The primary objective is to show how stereology can be effectively implemented on digital images. This is realised through the development (described in this thesis) of an interactive and convenient to use computer package called EASY MEASURE. At the outset of this project, the following key objectives were decided upon:

  1. EASY MEASURE should have the ability to sample appropriately acquired digital images with a wide range of test systems (see Chapter 4), including test systems of
    1. Points (Sections 4.3, 5.5.1 and 5.5.2).
    2. Orthogonal or parallel lines (Sections 4.5, 4.8.1, 5.1 and 5.5.1).
    3. Horizontal rolling circles (Sections 4.5, 4.8.1, 5.2 and 5.5.2).
    4. Horizontal rolling cycloids (Sections 4.8.2, 4.8.3, 4.8.4, 5.3 and 5.5.2).
    5. Vertical rolling cycloids (Sections 4.9, 5.3 and 5.5.2).
    Images and test systems should be scalable to any magnification.
  2. EASY MEASURE should be able to generate appropriate digital images (through digital sectioning) onto which test systems described in objective 1 can be overlain (Section 5.7).

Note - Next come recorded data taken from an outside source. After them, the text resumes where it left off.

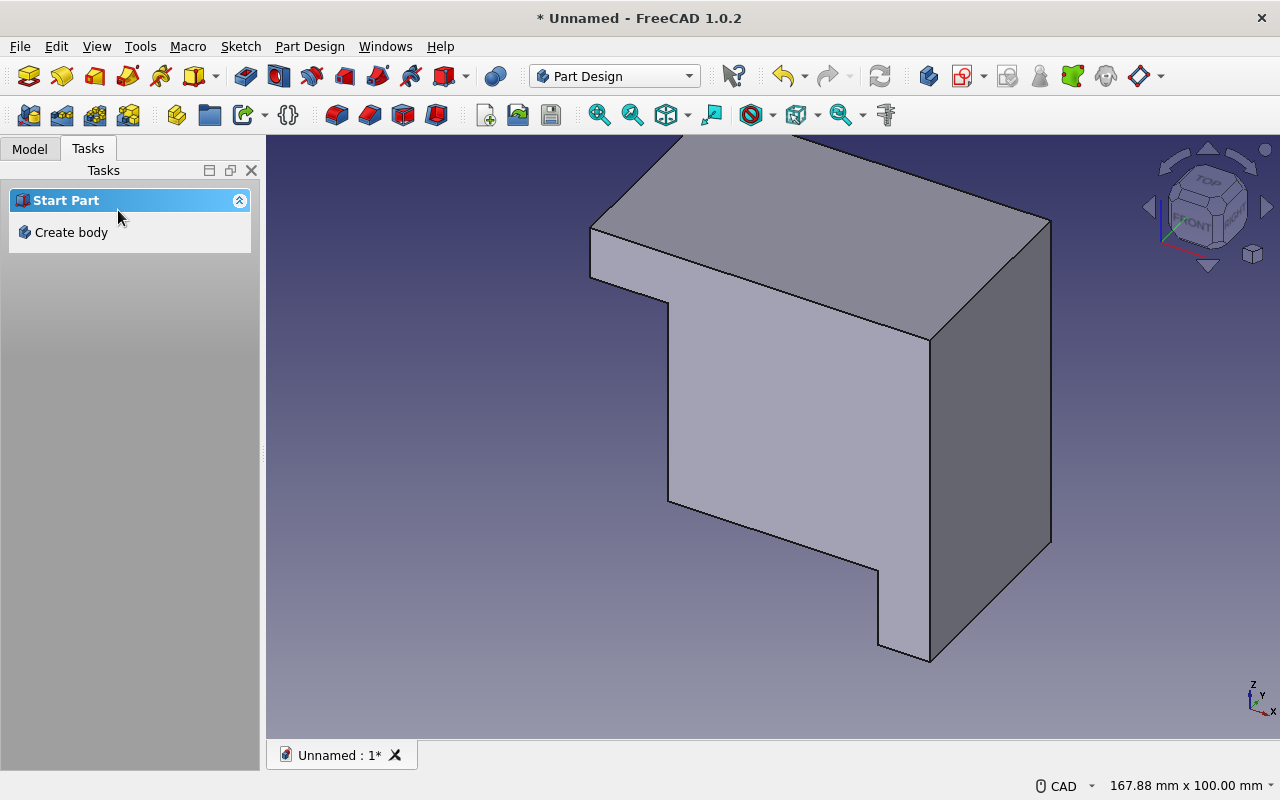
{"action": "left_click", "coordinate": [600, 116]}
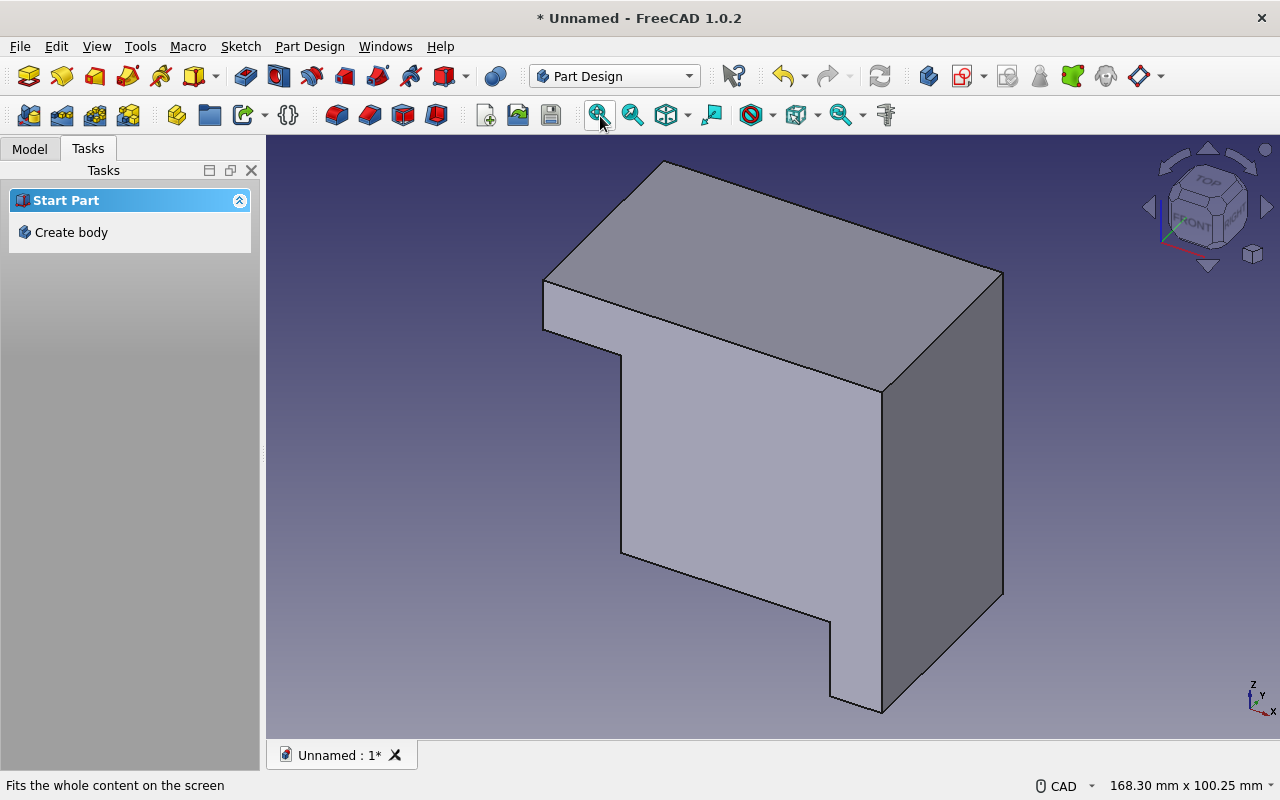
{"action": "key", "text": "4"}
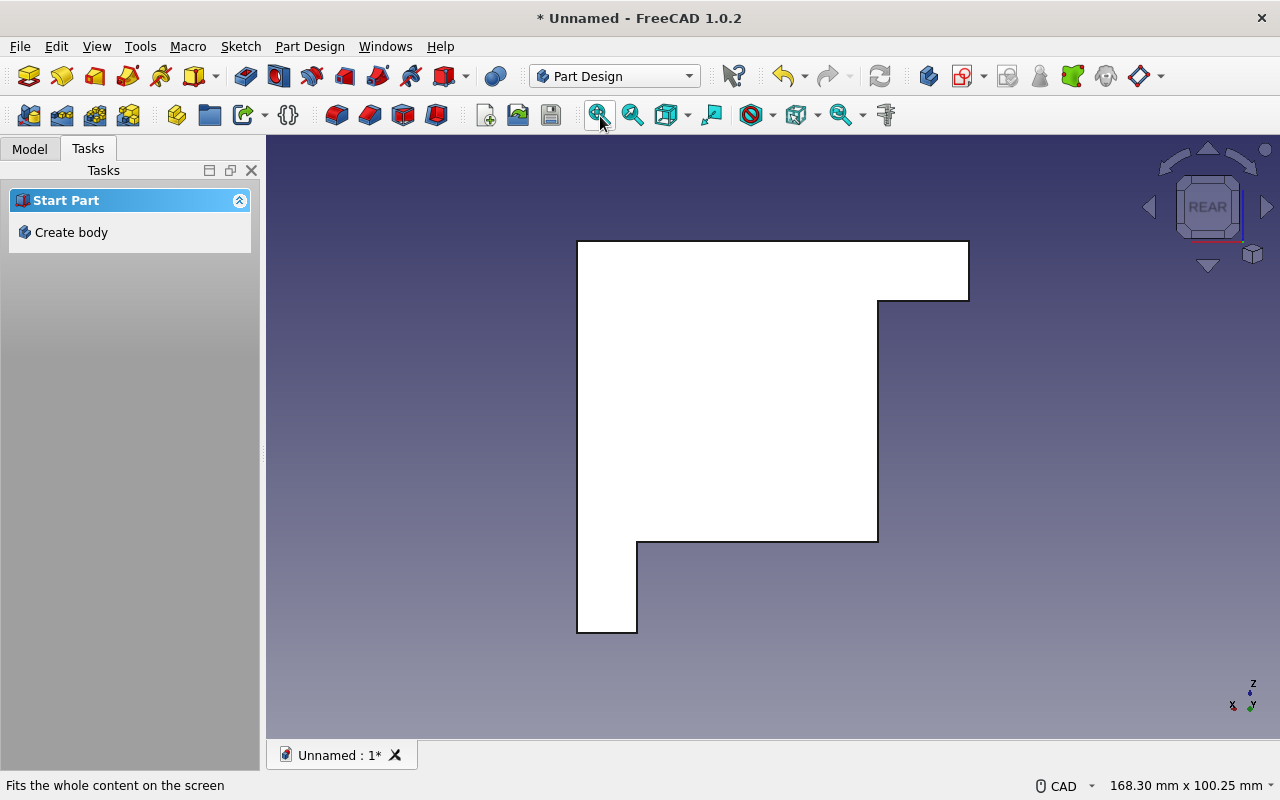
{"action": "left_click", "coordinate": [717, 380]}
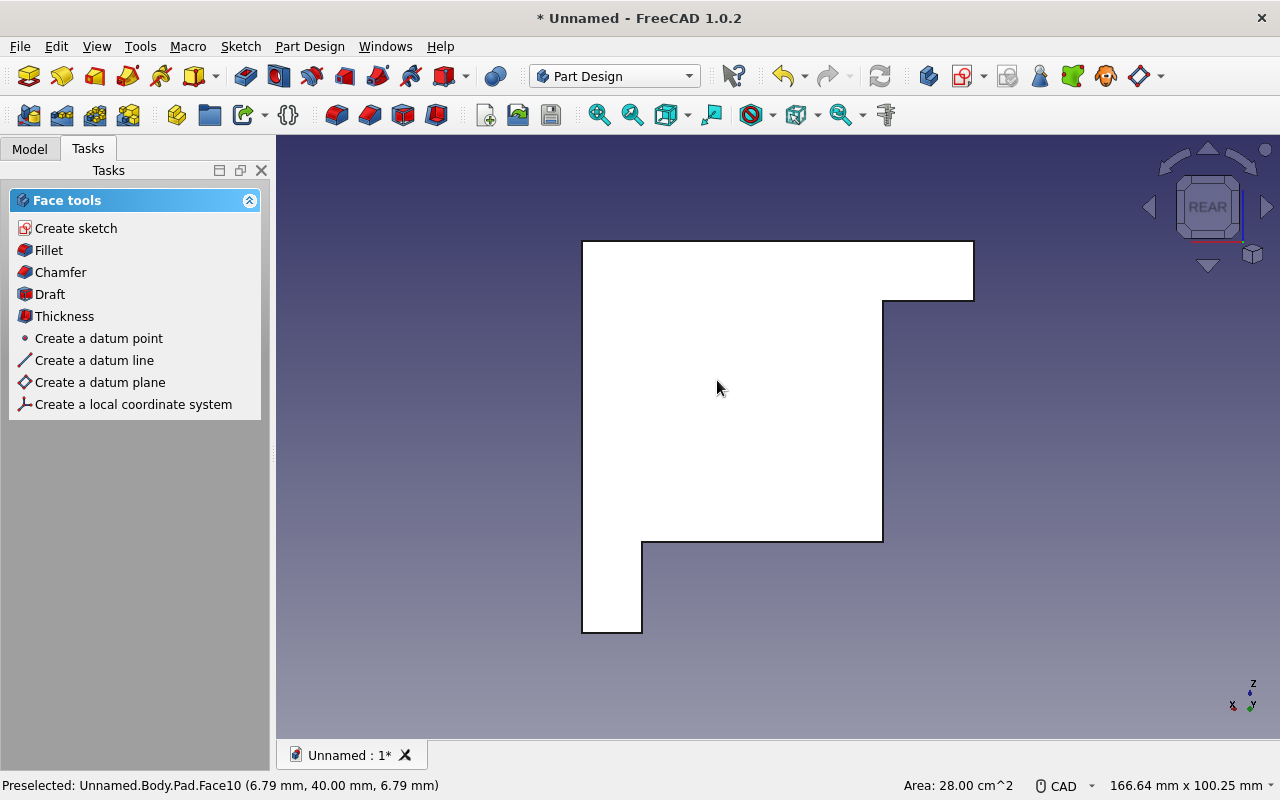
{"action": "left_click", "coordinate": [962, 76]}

  3. Validate methods that underpin EASY MEASURE through the investigation of well-defined objects such as circles, ellipses and squares. In Chapter 7, the validation process is accompanied by a discussion concerning precision. In Section 4.10.2, a specific theoretical result for the circle under a square grid of lines is presented which is corroborated empirically using EASY MEASURE.
  4. Illustrate the application of EASY MEASURE.
    1. In Section 8.1, the lengths of four vertebral columns are estimated from sagittal-oblique MR images using test systems of parallel and orthogonal lines as well as horizontal rolling circles.
    2. Section 8.2 describes two approaches for estimating pear surface area and volume from exhaustive vertical sections (see Sections 4.8.3 and 4.3). The first approach employs EASY MEASURE to interrogate reformatted MR images of the pears with appropriate test systems. The second approach involves physically sectioning the pears so that acetates containing appropriate test systems can be overlain.
    3. The thickness of the cerebral cortex is estimated in Section 8.3, by dividing the volume of the cerebral cortex by the mean of its inner (grey/white matter) and outer (pial) surface areas. Volumes are estimated using the Cavalieri method (Section 4.3), while surface areas are estimated using the exhaustive vertical sections method (Section 4.8.3). Six formalin-fixed brains are investigated in Section 8.3.1, while the paradigm brain dataset (described in point 4 of Section 2.1) is investigated in Section 8.3.2.
  5. Automate the stereological processes of point and intersection counting for binary images. This objective is achieved using the transition counting rule described in Section 5.6 and Appendix A.